Unicode characters on MacOS and Linux filesystems

MacOS filesystem stores Unicode characters in their decomposed form. For example, it stores é as two code points e (plain vanilla ASCII e) + ´ (combining acute accent). Kiran had written a blog post about this so I won’t go into details, but having recently discovered the wonderful charnames Perl pragma, I was curious to find out how it could help me ‘see’ what form (precomposed or decomposed) of a character does an OS use . Given two folders – café and müller in /tmp/test/, here is what the following Perl script:

use strict;
use charnames ':full';

opendir my ($dir), "/tmp/test";
my @stuff = readdir($dir);
closedir($dir);

foreach my $stuff (@stuff) {
	next if $stuff =~ /^\./;
	utf8::decode($stuff);
	my @parts = unpack("U*", $stuff);
	foreach my $part (@parts) {
		print charnames::viacode($part);
		print "\n";
	}
	print "\n\n";
}

gives:

LATIN SMALL LETTER C
LATIN SMALL LETTER A
LATIN SMALL LETTER F
LATIN SMALL LETTER E
COMBINING ACUTE ACCENT

LATIN SMALL LETTER M
LATIN SMALL LETTER U
COMBINING DIAERESIS
LATIN SMALL LETTER L
LATIN SMALL LETTER L
LATIN SMALL LETTER E
LATIN SMALL LETTER R

The same script when run on a Linux box results in:

LATIN SMALL LETTER C
LATIN SMALL LETTER A
LATIN SMALL LETTER F
LATIN SMALL LETTER E WITH ACUTE

LATIN SMALL LETTER M
LATIN SMALL LETTER U WITH DIAERESIS
LATIN SMALL LETTER L
LATIN SMALL LETTER L
LATIN SMALL LETTER E
LATIN SMALL LETTER R

Notice that é is stored as one code-point (latin small letter e with acute). Ditto for ü (latin small letter u with diaeresis as opposed to latin small letter u + combining diaeresis on Mac).
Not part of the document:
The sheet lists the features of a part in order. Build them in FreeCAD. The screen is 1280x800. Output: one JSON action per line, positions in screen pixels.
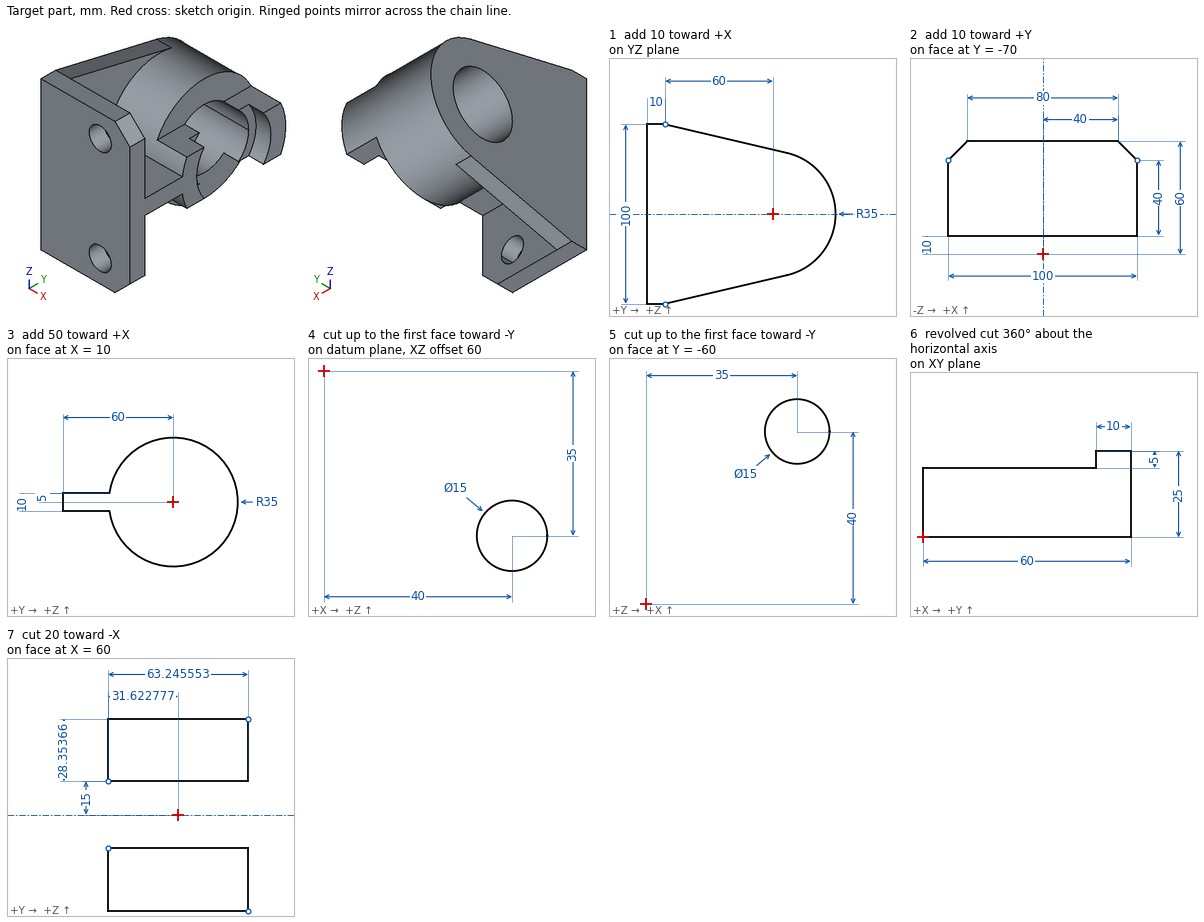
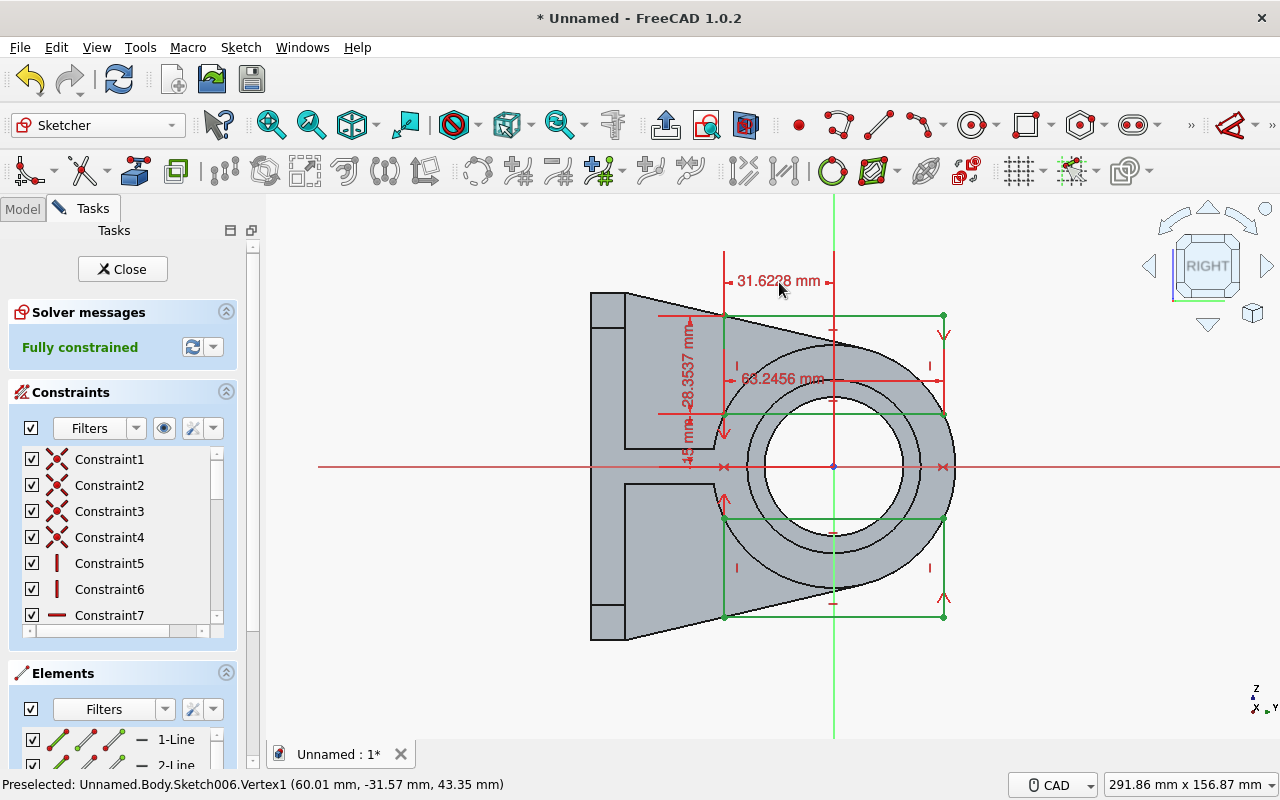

charnames can be a very useful tool in your toolbox. More on what it can do on perldoc: http://perldoc.perl.org/charnames.html

p.s. Eric Sink mentions this (the difference between the way different filesystems store certain Unicode characters) in his wonderful cross-platform version control post too. See point #9.